## Work request
Word-for-word transcription needed. Include every entry below but no pictures.

:::

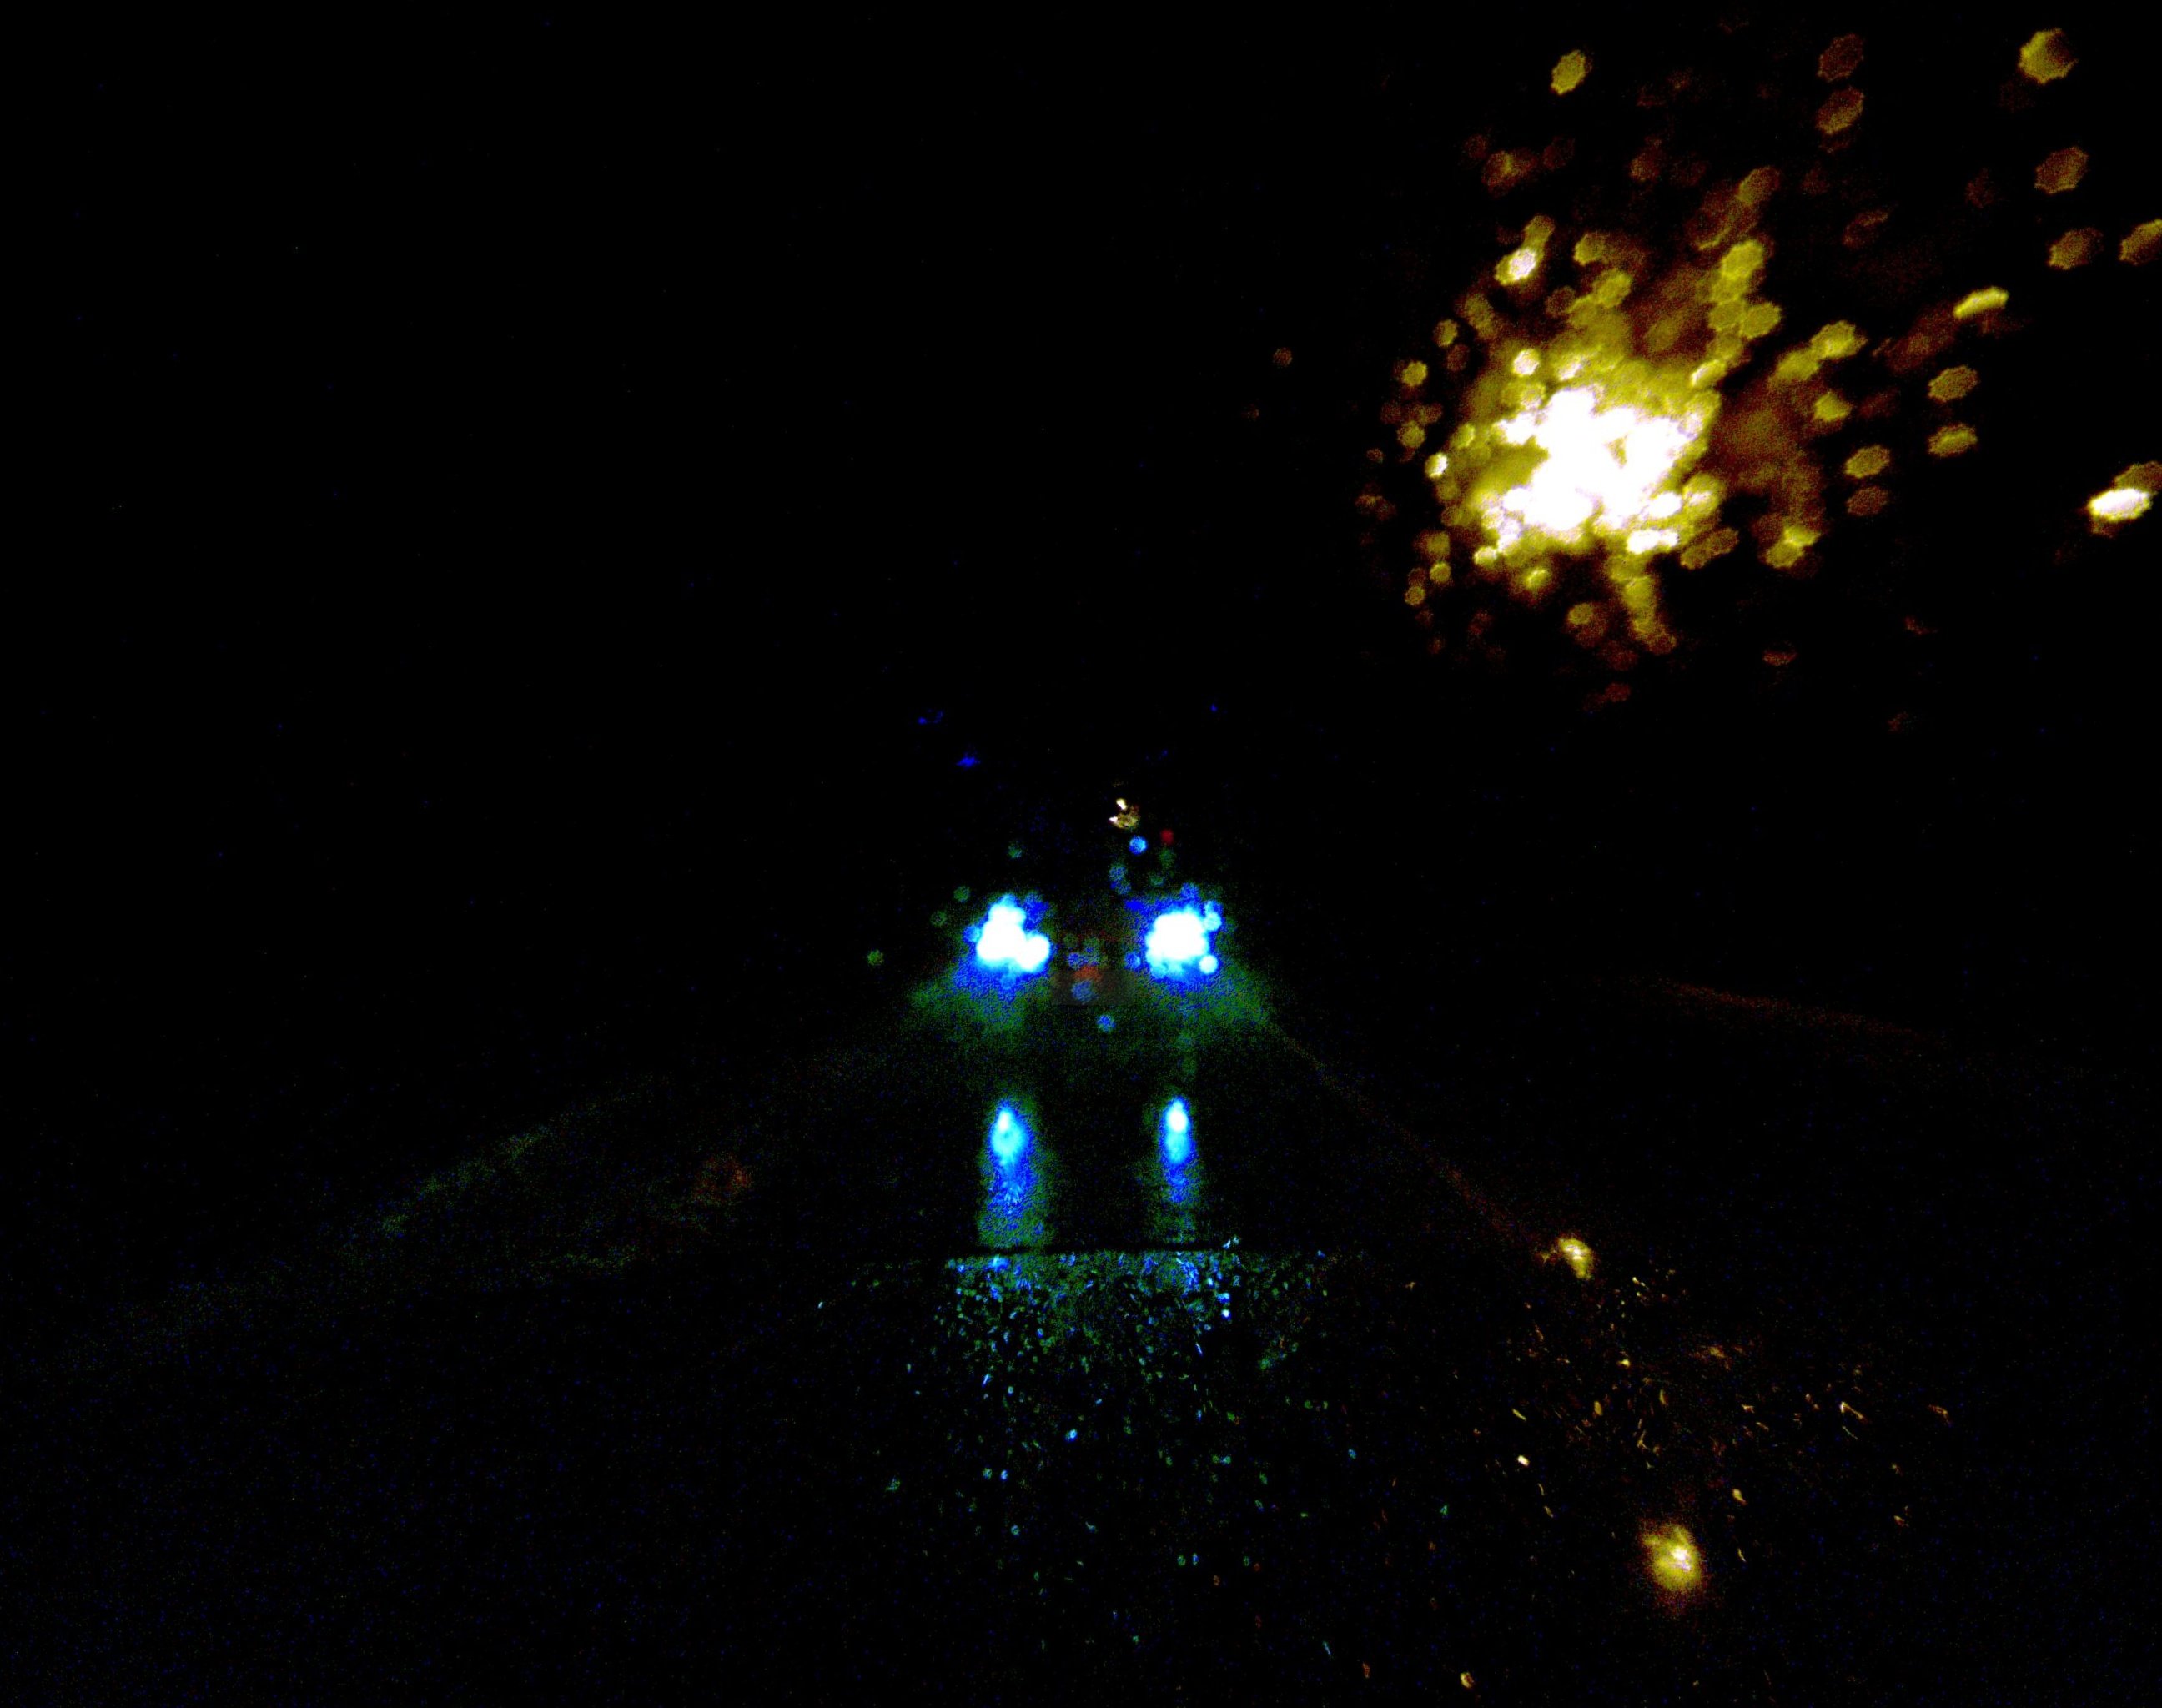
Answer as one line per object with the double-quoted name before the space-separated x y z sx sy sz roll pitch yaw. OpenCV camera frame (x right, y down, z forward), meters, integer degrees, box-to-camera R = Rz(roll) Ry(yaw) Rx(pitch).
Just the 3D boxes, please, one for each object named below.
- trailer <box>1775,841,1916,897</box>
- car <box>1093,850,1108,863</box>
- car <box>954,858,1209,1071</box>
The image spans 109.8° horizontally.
"trailer" 33.494 0.599 33.432 3.801 2.206 1.976 2 3 18
"car" 2.500 0.348 96.891 1.878 1.536 4.356 1 -1 1
"car" 0.045 0.873 8.269 1.944 1.580 4.775 -1 0 1

:::

## Response box
Answer as one line per object with the double-quoted name before the space-separated x y z sx sy sz roll pitch yaw. OpenCV camera frame (x right, y down, z forward), meters, integer degrees, box-to-camera R = Rz(roll) Ry(yaw) Rx(pitch).
Just the 3D boxes, please, one for each object named below.
- trailer <box>1775,841,1916,897</box>
- car <box>1093,850,1108,863</box>
- car <box>954,858,1209,1071</box>
The image spans 109.8° horizontally.
"trailer" 33.494 0.599 33.432 3.801 2.206 1.976 2 3 18
"car" 2.500 0.348 96.891 1.878 1.536 4.356 1 -1 1
"car" 0.045 0.873 8.269 1.944 1.580 4.775 -1 0 1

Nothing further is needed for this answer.